Two Wofford professors receive prestigious teaching awards
Sunday, May 22, 2005
SPARTANBURG, S.C. – Wofford College presented its second Roger Milliken Award for Excellence in the Teaching of Science and announced the creation and winner of the new Philip Covington Award for Excellence in the Teaching of Humanities and Social Sciences during Commencement Exercises on Sunday, May 22.
The recipient of the Milliken Award was Dr. Alliston K. Reid, a psychology professor and former chairman of the psychology department at Wofford. Dr. Nancy B. Mandlove, professor of Spanish and coordinator of Latin American and Caribbean Studies at Wofford, received the Covington Award.
Reid, a 1975 graduate of Wofford College, received the Governor’s Distinguished Professor Award in 2004 as one of five finalists from four-year institutions for the Governor’s Professor of the Year Award; he was among 28 professors considered for the statewide award. The Cheraw, S.C., native returned to Wofford in 1996 after 15 years of teaching and research at Eastern Oregon University; Duke University, where he received his Ph.D. in experimental psychology; and the Universidad Nacional Autónoma de México in Mexico City. He previously won eight awards for teaching excellence in psychology and computer science, teaching in English and in Spanish. He has obtained research grants from National Science Foundation, National Institutes of Mental Health, U.S. Forest Service, South Carolina Independent Colleges and Universities, Oregon State System of Higher Education, and Consejo Nacional de Ciencia y Tecnología. Reid served as chairman of the psychology department at Wofford College from 1998 to 2004. He is a member of Phi Beta Kappa.
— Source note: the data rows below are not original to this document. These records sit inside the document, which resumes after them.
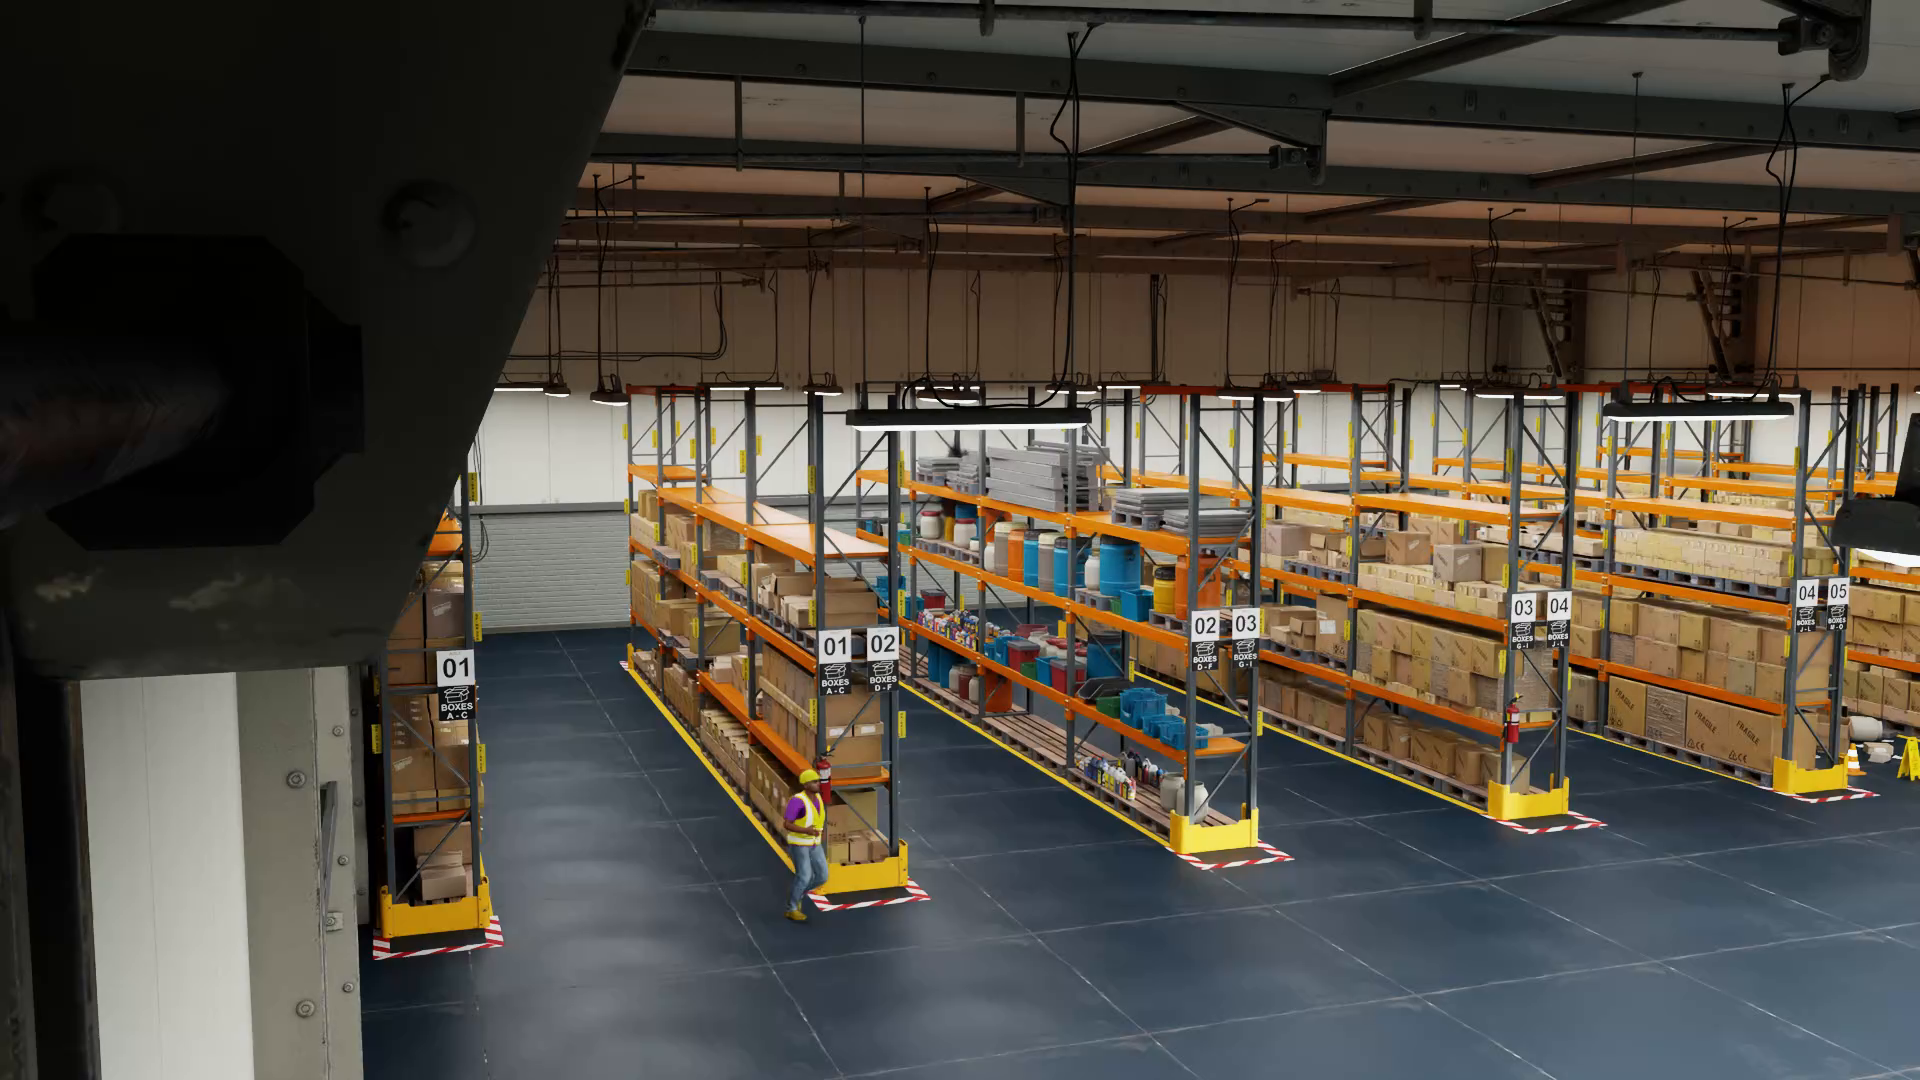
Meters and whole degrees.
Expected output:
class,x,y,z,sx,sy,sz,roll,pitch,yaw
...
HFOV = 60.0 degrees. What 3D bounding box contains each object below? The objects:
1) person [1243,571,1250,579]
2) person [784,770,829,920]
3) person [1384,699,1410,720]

Mandlove, who came to Wofford in 1994, is a graduate of Hanover College. She received her master of arts degree in French from Emory University and her Ph.D. in Spanish from the University of New Mexico. Before coming to Wofford, she taught at Westminster College, Agnes Scott College, the University of New Mexico, Muskingum College and Converse College, where she was the Anne Morrison Chapman Professor of Modern Languages. She has been the recipient of a number of awards and grants for research and programming in diversity and international studies. She has published numerous articles and papers and has presented lectures throughout the country. She directs the Wofford Latin American and Caribbean Area Studies Program, which provides an integrated interdisciplinary approach to the historical, political, social, and cultural inter-relationships of the nations and peoples of our hemisphere.
The Roger Milliken Award for Excellence in the Teaching of Science, funded by a $1 million endowment, provides a $50,000 prize– an annual award of $5,000 for up to 10 years – for use in pursuing professional development. The recipient must remain on the Wofford faculty to continue receiving the annual disbursement.
The award recognizes outstanding performance in the teaching of science. Full-time faculty in all science disciplines – biology, chemistry, computer science, geology, mathematics, physics and psychology – are eligible. The recipient is selected by a three-person, off-campus committee composed of business and professional leaders in science from a list of nominees developed and approved by the dean of the college.
Milliken, chairman and CEO of Milliken & Company, based in Spartanburg, S.C., is on the board of trustees of Wofford and has been involved in numerous planning and building projects on campus through his long relationship with the college.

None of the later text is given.